The input needed for this reasoning requirement are triples relating persons to either plays or productions through the "wrote" and "playsIn" properties respectively. The expected output are triples of the form <person-instance> rdf:type Actor/Author. I proceed to create a new test case module, i.e. an empty ontology, where I import the module described above. Then I add a number of triples using the "wrote" and "playsIn" properties, e.g. Anne playsIn merchantOfVeniceProduction. I list the expected inferences, i.e. for the example triple if would be the new triple Anne rdf:type Actor. I run the reasoner and check that this triple is actually inferred, and that no other strange things appear as inference results.


Method 3: Performing "stress tests"

Although the ability to perform correct inferences, and provide the resulting information as a result of queries, allow us to see that the ontology actually realizes its requirements, another important characteristic of an ontology is to allow as few erroneous facts and/or inferences as possible. A high-quality ontology allows exactly the desired inferences and queries, while avoiding to produce irrelevant or erroneous side-effects. It may also be desirable to be able to check input data against some constraints and business rules.

This category of testing can be compared to software testing, when usually a system is fed random data, data known to be incorrect, or data considered as "boundary values" for the data, e.g. the extremes of value ranges, in order to check its robustness and capability to handle unexpected input. When dealing with ontologies, we are not evaluating how good error messages and recovery strategies are, as for software, but rather that erroneous facts and data is detected in the first place. One way to detect such problems is by using the consistency checking facilities of a reasoning engine. A high-quality ontology facilitates the reasoner to detect inconsistencies when inappropriate or erroneous facts are entered.

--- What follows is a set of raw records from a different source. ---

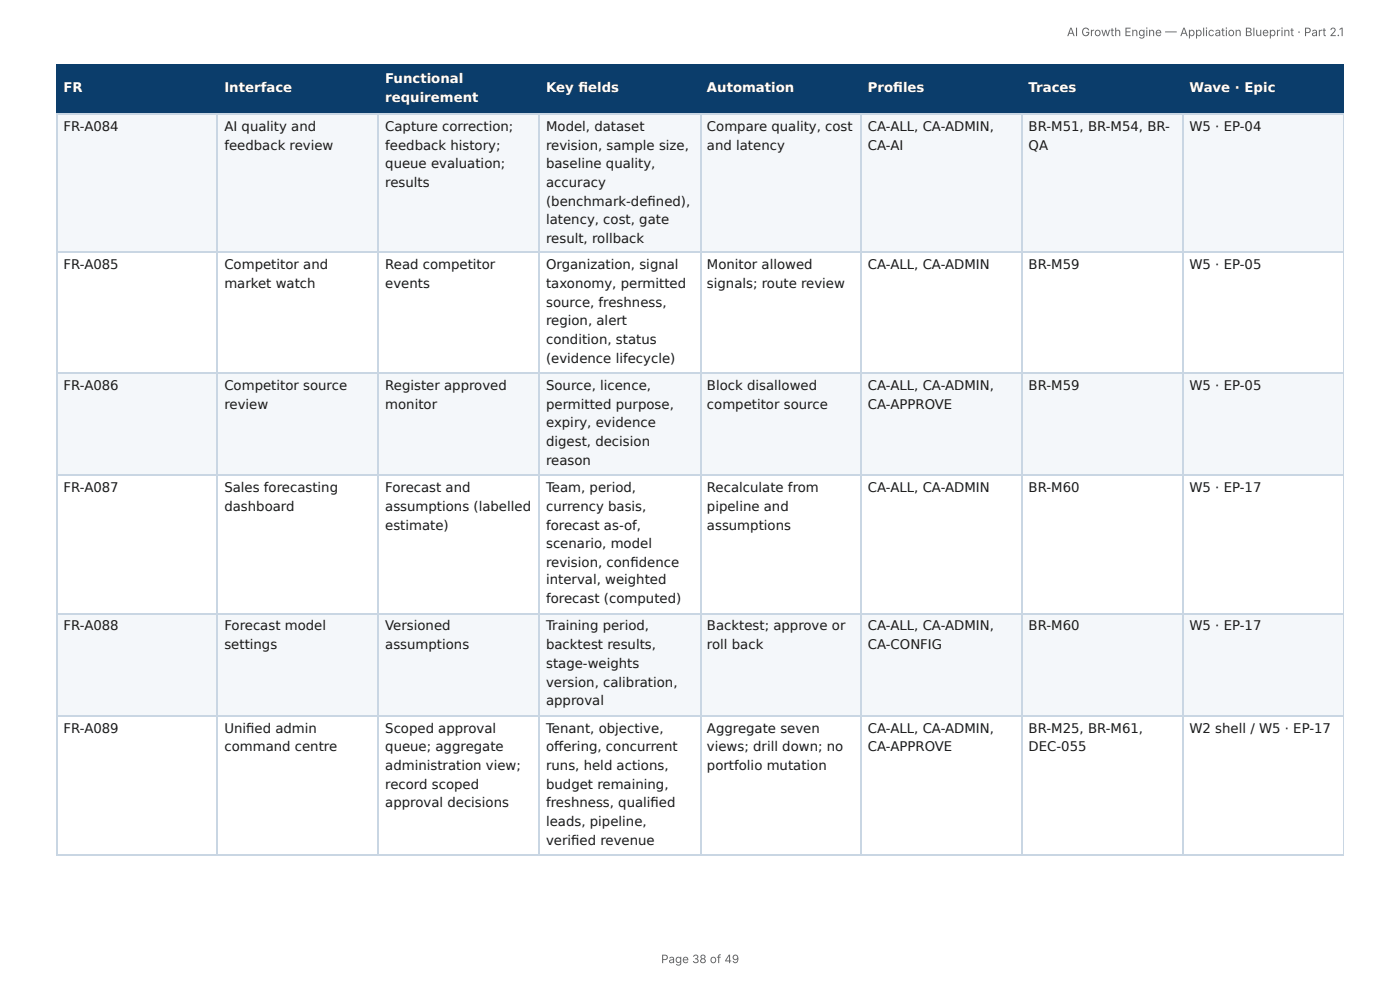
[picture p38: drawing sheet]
<svg xmlns="http://www.w3.org/2000/svg" width="297mm" height="210mm" viewBox="0 0 297 210" stroke-linecap="round" stroke-linejoin="round" font-family="sans-serif">
<defs><g id="words">
<g font-size="2.8" fill="#fff">
<text x="81.8" y="17.7">Functional</text>
<text x="13.5" y="19.6">FR</text>
<text x="47.7" y="19.6">Interface</text>
<text x="81.8" y="21.7">requirement</text>
<text x="116" y="19.6">Key fi elds</text>
<text x="150.2" y="19.6">Automation</text>
<text x="184.3" y="19.6">Profi les</text>
<text x="218.5" y="19.6">Traces</text>
<text x="252.6" y="19.6">Wave · Epic</text>
</g>
<g font-size="2.8" fill="#1a1a1a">
<text x="13.5" y="27.8">FR-A084</text>
<text x="47.7" y="27.8">AI quality and</text>
<text x="81.8" y="27.8">Capture correction;</text>
<text x="116" y="27.8">Model, dataset</text>
<text x="150.2" y="27.8">Compare quality, cost</text>
<text x="184.3" y="27.8">CA-ALL, CA-ADMIN,</text>
<text x="218.5" y="27.8">BR-M51, BR-M54, BR-</text>
<text x="252.6" y="27.8">W5 · EP-04</text>
<text x="47.7" y="31.8">feedback review</text>
<text x="81.8" y="31.8">feedback history;</text>
<text x="81.8" y="35.7">queue evaluation;</text>
<text x="116" y="31.8">revision, sample size,</text>
<text x="116" y="35.7">baseline quality,</text>
<text x="150.2" y="31.8">and latency</text>
<text x="184.3" y="31.8">CA-AI</text>
<text x="218.5" y="31.8">QA</text>
<text x="81.8" y="39.7">results</text>
<text x="116" y="39.7">accuracy</text>
<text x="116" y="43.7">(benchmark-defi ned),</text>
<text x="116" y="47.6">latency, cost, gate</text>
<text x="116" y="51.6">result, rollback</text>
<text x="13.5" y="57.2">FR-A085</text>
<text x="47.7" y="57.2">Competitor and</text>
<text x="81.8" y="57.2">Read competitor</text>
<text x="116" y="57.2">Organization, signal</text>
<text x="150.2" y="57.2">Monitor allowed</text>
<text x="184.3" y="57.2">CA-ALL, CA-ADMIN</text>
<text x="218.5" y="57.2">BR-M59</text>
<text x="252.6" y="57.2">W5 · EP-05</text>
<text x="47.7" y="61.1">market watch</text>
<text x="81.8" y="61.1">events</text>
<text x="116" y="61.1">taxonomy, permitted</text>
<text x="116" y="65.1">source, freshness,</text>
<text x="150.2" y="61.1">signals; route review</text>
<text x="116" y="69.1">region, alert</text>
<text x="116" y="73">condition, status</text>
<text x="116" y="77">(evidence lifecycle)</text>
<text x="13.5" y="82.8">FR-A086</text>
<text x="47.7" y="82.8">Competitor source</text>
<text x="81.8" y="82.8">Register approved</text>
<text x="116" y="82.8">Source, licence,</text>
<text x="150.2" y="82.8">Block disallowed</text>
<text x="184.3" y="82.8">CA-ALL, CA-ADMIN,</text>
<text x="218.5" y="82.8">BR-M59</text>
<text x="252.6" y="82.8">W5 · EP-05</text>
<text x="47.7" y="86.8">review</text>
<text x="81.8" y="86.8">monitor</text>
<text x="116" y="86.8">permitted purpose,</text>
<text x="150.2" y="86.8">competitor source</text>
<text x="184.3" y="86.8">CA-APPROVE</text>
<text x="116" y="90.8">expiry, evidence</text>
<text x="116" y="94.7">digest, decision</text>
<text x="116" y="98.7">reason</text>
<text x="13.5" y="104.5">FR-A087</text>
<text x="47.7" y="104.5">Sales forecasting</text>
<text x="81.8" y="104.5">Forecast and</text>
<text x="116" y="104.5">Team, period,</text>
<text x="150.2" y="104.5">Recalculate from</text>
<text x="184.3" y="104.5">CA-ALL, CA-ADMIN</text>
<text x="218.5" y="104.5">BR-M60</text>
<text x="252.6" y="104.5">W5 · EP-17</text>
<text x="47.7" y="108.5">dashboard</text>
<text x="81.8" y="108.5">assumptions (labelled</text>
<text x="81.8" y="112.4">estimate)</text>
<text x="116" y="108.5">currency basis,</text>
<text x="116" y="112.4">forecast as-of,</text>
<text x="150.2" y="108.5">pipeline and</text>
<text x="150.2" y="112.4">assumptions</text>
<text x="116" y="116.4">scenario, model</text>
<text x="116" y="120.4">revision, confi dence</text>
<text x="116" y="124.1">interval, weighted</text>
<text x="116" y="128.1">forecast (computed)</text>
<text x="13.5" y="133.9">FR-A088</text>
<text x="47.7" y="133.9">Forecast model</text>
<text x="47.7" y="137.8">settings</text>
<text x="81.8" y="133.9">Versioned</text>
<text x="81.8" y="137.8">assumptions</text>
<text x="116" y="133.9">Training period,</text>
<text x="116" y="137.8">backtest results,</text>
<text x="150.2" y="133.9">Backtest; approve or</text>
<text x="150.2" y="137.8">roll back</text>
<text x="184.3" y="133.9">CA-ALL, CA-ADMIN,</text>
<text x="184.3" y="137.8">CA-CONFIG</text>
<text x="218.5" y="133.9">BR-M60</text>
<text x="252.6" y="133.9">W5 · EP-17</text>
<text x="116" y="141.8">stage-weights</text>
<text x="116" y="145.8">version, calibration,</text>
<text x="116" y="149.8">approval</text>
<text x="13.5" y="155.6">FR-A089</text>
<text x="47.7" y="155.6">Unifi ed admin</text>
<text x="81.8" y="155.6">Scoped approval</text>
<text x="116" y="155.6">Tenant, objective,</text>
<text x="150.2" y="155.6">Aggregate seven</text>
<text x="184.3" y="155.6">CA-ALL, CA-ADMIN,</text>
<text x="218.5" y="155.6">BR-M25, BR-M61,</text>
<text x="252.6" y="155.6">W2 shell / W5 · EP-17</text>
<text x="47.7" y="159.5">command centre</text>
<text x="81.8" y="159.5">queue; aggregate</text>
<text x="116" y="159.5">off ering, concurrent</text>
<text x="150.2" y="159.5">views; drill down; no</text>
<text x="184.3" y="159.5">CA-APPROVE</text>
<text x="218.5" y="159.5">DEC-055</text>
<text x="81.8" y="163.5">administration view;</text>
<text x="81.8" y="167.5">record scoped</text>
<text x="116" y="163.5">runs, held actions,</text>
<text x="116" y="167.5">budget remaining,</text>
<text x="150.2" y="163.5">portfolio mutation</text>
<text x="81.8" y="171.5">approval decisions</text>
<text x="116" y="171.5">freshness, qualifi ed</text>
<text x="116" y="175.4">leads, pipeline,</text>
<text x="116" y="179.4">verifi ed revenue</text>
</g>
<g font-size="2.5" fill="#666">
<text x="226.6" y="7.7">AI Growth Engine — Application Blueprint · Part 2.1</text>
<text x="140.4" y="204.5">Page 38 of 49</text>
</g>
</g></defs>
<g fill="#0b3d6b">
<path d="M12.2 14h34.1v10.1h-34.1z"/>
<path d="M46.3 14h34.1v10.1h-34.1z"/>
<path d="M80.4 14h34.2v10.1h-34.2z"/>
<path d="M114.6 14h34.1v10.1h-34.1z"/>
<path d="M148.7 14h34.1v10.1h-34.1z"/>
<path d="M182.8 14h34.2v10.1h-34.2z"/>
<path d="M217 14h34.1v10.1h-34.1z"/>
<path d="M251.1 14h34.3v10.1h-34.3z"/>
</g>
<g fill="#f4f7fa">
<path d="M12.2 24.1h34.1v29.6h-34.1z"/>
<path d="M46.3 24.1h34.1v29.6h-34.1z"/>
<path d="M80.4 24.1h34.2v29.6h-34.2z"/>
<path d="M114.6 24.1h34.1v29.6h-34.1z"/>
<path d="M148.7 24.1h34.1v29.6h-34.1z"/>
<path d="M182.8 24.1h34.2v29.6h-34.2z"/>
<path d="M217 24.1h34.1v29.6h-34.1z"/>
<path d="M251.1 24.1h34.3v29.6h-34.3z"/>
<path d="M12.2 79.4h34.1v21.4h-34.1z"/>
<path d="M46.3 79.4h34.1v21.4h-34.1z"/>
<path d="M80.4 79.4h34.2v21.4h-34.2z"/>
<path d="M114.6 79.4h34.1v21.4h-34.1z"/>
<path d="M148.7 79.4h34.1v21.4h-34.1z"/>
<path d="M182.8 79.4h34.2v21.4h-34.2z"/>
<path d="M217 79.4h34.1v21.4h-34.1z"/>
<path d="M251.1 79.4h34.3v21.4h-34.3z"/>
<path d="M12.2 130.4h34.1v21.7h-34.1z"/>
<path d="M46.3 130.4h34.1v21.7h-34.1z"/>
<path d="M80.4 130.4h34.2v21.7h-34.2z"/>
<path d="M114.6 130.4h34.1v21.7h-34.1z"/>
<path d="M148.7 130.4h34.1v21.7h-34.1z"/>
<path d="M182.8 130.4h34.2v21.7h-34.2z"/>
<path d="M217 130.4h34.1v21.7h-34.1z"/>
<path d="M251.1 130.4h34.3v21.7h-34.3z"/>
</g>
<path d="M11.9 13.9h273.5M12 13.8v10.5M46.2 13.8v10.5M80.3 13.8v10.5M114.4 13.8v10.5M148.8 13.8v10.5M183 13.8v10.5M217.1 13.8v10.5M251.2 13.8v10.5M11.9 24.2h273.5" fill="none" stroke="#0b3d6b" stroke-width=".26"/>
<path d="M285.3 13.8v10.5" fill="none" stroke="#0b3d6b" stroke-width=".21"/>
<g fill="none" stroke="#c9d6e3" stroke-width=".26">
<path d="M11.9 24.2h273.5M12 24.3v157.2M46.2 24.3v157.2M80.3 24.3v157.2M114.4 24.3v157.2M148.8 24.3v157.2M183 24.3v157.2M217.1 24.3v157.2M251.2 24.3v157.2M11.9 53.6h273.5M11.9 79.2h273.5M11.9 100.9h273.5"/>
<path d="M11.9 130.3h273.5M11.9 152h273.5M11.9 181.6h273.5"/>
</g>
<path d="M285.3 24.3v157.2" fill="none" stroke="#c9d6e3" stroke-width=".21"/>
<use href="#words"/>
</svg>

For instance, in a user model ontology with the classes "female user" and "male user", where this information is going to be collected from a web form with a radio button, the classes should most likely be disjoint, i.e. since no user can select both alternatives from the form any given user can only be an instance of one class. After detecting such implicit requirements, or common sense constraints, and expressing them as contextual statements, they can be tested by entering obviously inconsistent facts, and checking that the reasoner is able to detect the inconsistency.

To test this ability of the ontology, the following steps can be used:

  1. Inspect the explicit reasoning requirements of the ontology, and other constraints that have been explicitly expressed. List the contextual statements and reasoning requirements that should be tested, and determine if there are any implicit requirements, e.g. additional constraints that can be derived from the context, that should be added to this list. This may include some interaction with the customer, in order to determine what constraints are valid in the context.
  2. For each of the constraints listed in step 1, determine if there is a range of values that constrain the acceptable input or output that should be allowed by the ontology. For each constraint, determine at least one case (literal value or fact) that lies outside of that range, and what response would be expected to get from the reasoner given that input. Also, list any other kinds of erroneous input that could be tested, to check how well the ontology enforces those constraints.
  3. Create a new "test case"-module for each of the intended tests, by importing the module to be tested in each one and add facts to it (see next steps).
  4. Add each of the cases listed in step 2 to its respective "test case"-module, and for each one run the reasoner and record the result.
  5. For each run in step 5, check the result against the expected result determined in step 2, and decide if the test was successful or not. A test is successful if it produces the expected inferences, e.g. an inconsistency, and no harmful side-effects.
  6. For any unsuccessful tests, analyze the reason for the failure by inspecting the ontology. Document the problem, so that it can be solved by you or other ontology developers.


Example I have built an ontology for the theater domain. In the ontology there is a module modelling persons acting in theater productions. There is also a contextual statement saying that each production has exactly one lead actor, i.e. the person that plays the main character of that drama. The module contains the classes "Person" and "Production", and the property "hasLeadActor" (which might be inferred based on a role playing situation, but that doesn't matter in this example). There is also an axiom stating that a production is related to exactly one person through the hasLeadActor property.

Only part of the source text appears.